Gable snorts. “Because you know all about the endless kindness of divine intervention? The benevolent and warm machinations of heaven?”

They have a point, although Travis isn’t going to admit that. Heaven might be good, but that doesn’t make it any kinder than hell.

“The point remains,” he says, “that we’re going to have to deal with this.”

“How soon?”

“The child is going to be born within the next year.”

“The next year,” Gable echoes, sounding horrified. Travis understands. A year is nothing. A year is a finger snap, a blink, an instant out of millennia. “Travis, you can’t possibly want this.”

Travis finally turns to search Gable’s face. They’re still staring straight out at the pond, resolute, but he can see the distress at the edges of their mouth. When you know someone for millennia, even through different bodies and different names, some things don’t change. Gable still looks the same when they’re upset as they did in Eden.

“I wasn’t aware that wanting things made much of a difference,” Travis says carefully. “This is all fate, you know that. The kind of fate that we don’t get much of a say in.”

“But we can’t-” Their head drops so they stare down at their boots. “This can’t be how it’s supposed to end.”

“It’s been how it’s supposed to end since-”

“Don’t act like you care about prophecies or the past.” Finally, finally, they turn to glare at Travis, all blazing righteous fury. “This is about the fate of the world, and I don’t want it to be like this.”

“It took you long enough,” Travis says. Gable’s look turns thunderous, but he shrugs at them. “You know I don’t want this either. Of course I don’t. Have you seen Earth?
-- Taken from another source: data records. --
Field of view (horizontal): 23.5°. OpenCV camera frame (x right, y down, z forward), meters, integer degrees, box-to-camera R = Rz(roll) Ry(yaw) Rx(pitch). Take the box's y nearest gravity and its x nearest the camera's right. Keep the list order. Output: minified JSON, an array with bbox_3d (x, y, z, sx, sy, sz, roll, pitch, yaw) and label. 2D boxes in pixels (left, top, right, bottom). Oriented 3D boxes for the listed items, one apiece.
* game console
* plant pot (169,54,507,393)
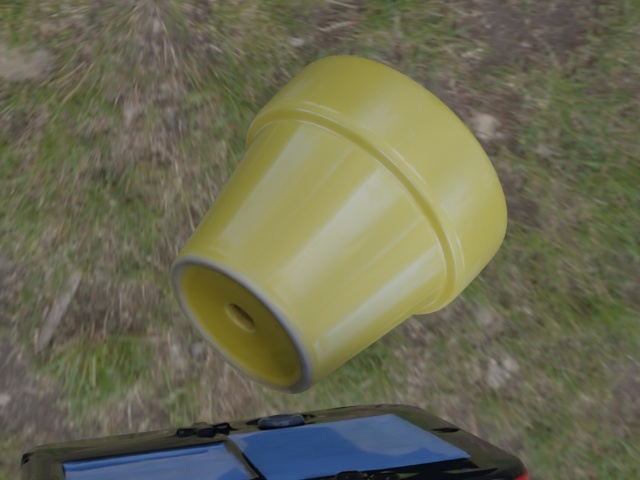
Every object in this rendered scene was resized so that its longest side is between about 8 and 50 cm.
[{"bbox_3d":[-0.051,0.177,1.152,0.342,0.386,0.060,-1,91,-11],"label":"game console"},{"bbox_3d":[0.000,0.000,1.395,0.239,0.254,0.254,-45,102,-28],"label":"plant pot"}]
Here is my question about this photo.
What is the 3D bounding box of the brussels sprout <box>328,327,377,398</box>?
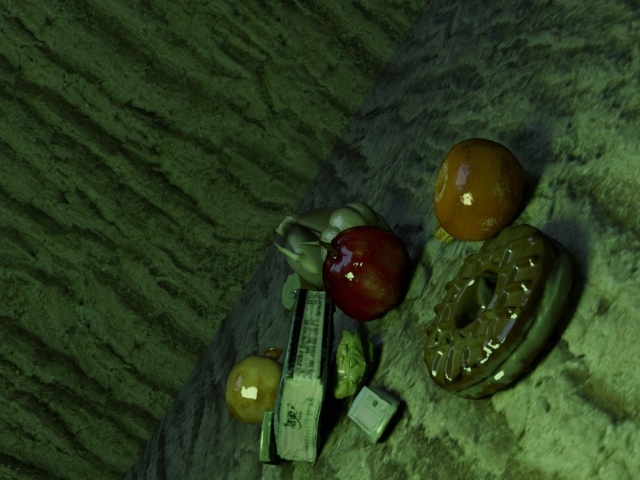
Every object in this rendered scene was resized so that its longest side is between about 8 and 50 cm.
[{"bbox_3d":[0.070,0.290,1.969,0.139,0.101,0.181,-54,25,35],"label":"brussels sprout"}]

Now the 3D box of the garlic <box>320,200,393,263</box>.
[{"bbox_3d":[0.101,0.013,2.269,0.152,0.228,0.227,7,62,45],"label":"garlic"}]

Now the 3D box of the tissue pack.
[{"bbox_3d":[-0.034,0.314,2.044,0.361,0.122,0.259,-83,-3,-61],"label":"tissue pack"}]

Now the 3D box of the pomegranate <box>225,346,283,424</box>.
[{"bbox_3d":[-0.171,0.411,2.350,0.207,0.207,0.207,-53,13,19],"label":"pomegranate"}]

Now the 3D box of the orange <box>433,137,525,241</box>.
[{"bbox_3d":[0.326,-0.102,1.764,0.224,0.170,0.223,-168,90,-85],"label":"orange"}]

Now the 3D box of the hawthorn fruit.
[{"bbox_3d":[0.095,0.059,2.057,0.210,0.266,0.230,10,67,52],"label":"hawthorn fruit"}]

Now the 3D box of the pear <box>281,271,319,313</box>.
[{"bbox_3d":[-0.053,0.166,2.698,0.141,0.104,0.141,-26,59,56],"label":"pear"}]

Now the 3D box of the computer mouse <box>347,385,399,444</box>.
[{"bbox_3d":[0.111,0.356,1.758,0.102,0.045,0.199,-58,12,-6],"label":"computer mouse"}]

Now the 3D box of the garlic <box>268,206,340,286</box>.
[{"bbox_3d":[0.000,0.000,2.615,0.231,0.246,0.340,-43,4,8],"label":"garlic"}]

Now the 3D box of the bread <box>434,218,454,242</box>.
[{"bbox_3d":[0.298,-0.038,1.998,0.083,0.044,0.110,-57,11,20],"label":"bread"}]

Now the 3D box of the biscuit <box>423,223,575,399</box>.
[{"bbox_3d":[0.301,0.121,1.475,0.332,0.103,0.332,-52,14,18],"label":"biscuit"}]

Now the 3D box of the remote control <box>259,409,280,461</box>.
[{"bbox_3d":[-0.122,0.477,2.059,0.285,0.038,0.123,84,-170,-75],"label":"remote control"}]
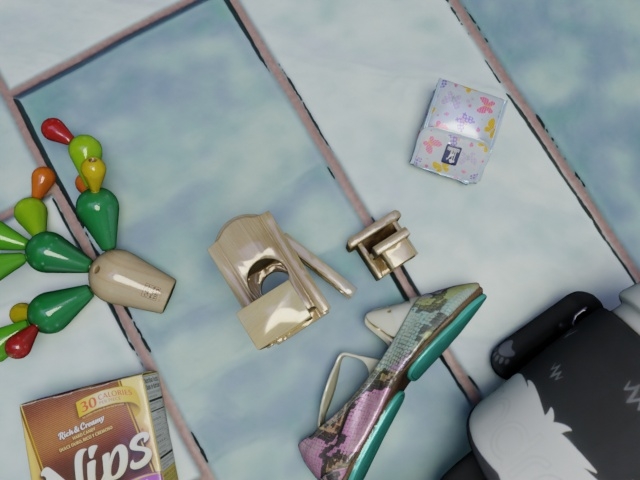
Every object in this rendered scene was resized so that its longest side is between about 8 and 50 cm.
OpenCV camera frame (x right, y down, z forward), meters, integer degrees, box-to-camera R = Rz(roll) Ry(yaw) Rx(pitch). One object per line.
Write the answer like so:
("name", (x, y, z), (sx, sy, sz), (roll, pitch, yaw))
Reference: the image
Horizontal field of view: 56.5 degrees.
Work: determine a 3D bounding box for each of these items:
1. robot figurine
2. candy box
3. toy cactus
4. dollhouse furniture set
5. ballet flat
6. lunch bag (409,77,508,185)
("robot figurine", (0.228, 0.152, 0.449), (0.278, 0.173, 0.209), (-43, 77, 12))
("candy box", (-0.180, 0.217, 0.511), (0.109, 0.053, 0.187), (-14, 80, -2))
("toy cactus", (-0.218, 0.013, 0.527), (0.180, 0.112, 0.219), (22, 73, -7))
("dollhouse furniture set", (0.000, 0.000, 0.481), (0.161, 0.182, 0.101), (-32, 83, -5))
("ballet flat", (0.056, 0.112, 0.525), (0.079, 0.077, 0.221), (33, 82, 24))
("lunch bag", (0.130, -0.101, 0.565), (0.071, 0.053, 0.083), (20, 90, 4))
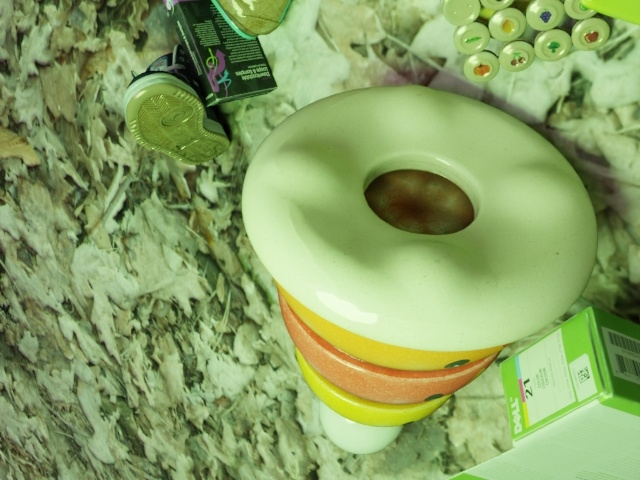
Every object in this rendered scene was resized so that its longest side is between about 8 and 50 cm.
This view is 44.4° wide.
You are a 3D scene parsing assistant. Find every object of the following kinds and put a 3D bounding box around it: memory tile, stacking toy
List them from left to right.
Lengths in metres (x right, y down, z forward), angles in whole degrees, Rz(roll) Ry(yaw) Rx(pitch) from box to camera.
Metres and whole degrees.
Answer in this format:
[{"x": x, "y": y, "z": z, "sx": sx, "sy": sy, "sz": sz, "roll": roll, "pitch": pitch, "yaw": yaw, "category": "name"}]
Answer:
[{"x": 0.083, "y": 0.096, "z": 0.916, "sx": 0.350, "sy": 0.350, "sz": 0.480, "roll": 37, "pitch": 143, "yaw": 25, "category": "stacking toy"}, {"x": 0.202, "y": -0.216, "z": 0.769, "sx": 0.147, "sy": 0.012, "sz": 0.113, "roll": -14, "pitch": 132, "yaw": 19, "category": "memory tile"}]

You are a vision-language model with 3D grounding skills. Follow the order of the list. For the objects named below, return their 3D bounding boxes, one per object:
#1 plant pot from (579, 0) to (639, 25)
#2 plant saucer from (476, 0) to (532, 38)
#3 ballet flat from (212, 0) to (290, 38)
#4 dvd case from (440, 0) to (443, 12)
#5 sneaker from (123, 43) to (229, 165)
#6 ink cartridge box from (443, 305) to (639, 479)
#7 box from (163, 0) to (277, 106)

They have all the animals, and Starbucks, and couture.”

“Out of everything,” Gable says, “is that really what you think is worth saving?”

Travis doesn’t answer, because it’s remarkably easy to lie to Gable, and because if he admitted that he would miss humanity they would absolutely never let him live it down. And because there are ears everywhere.

“We need to be careful if we do this,” he says instead, and Gable sits up a little straighter. “We need to be strategic about it. No paper trail, no digital trail.”

“So you have to talk to me in person,” Gable says. They’re deadpan and they are absolutely laughing at Travis, and he resents it with a passion. “Horror of horrors.”

“I can give you my address. And we can figure out a plan.”

“You’re committed to this?”

“To what, stopping the apocalypse?” Travis snorts. “Hardly. I’m committed to sticking around a little while longer, and if this is what we have to do to make that happen, then it’s a sacrifice I’m willing to make.”

Gable tilts their head, and for a horrifying instant, Travis feels like he’s being seen through. Like Gable is reading everything that’s in his mind, and it would be just like them to not tell Travis that they could do that.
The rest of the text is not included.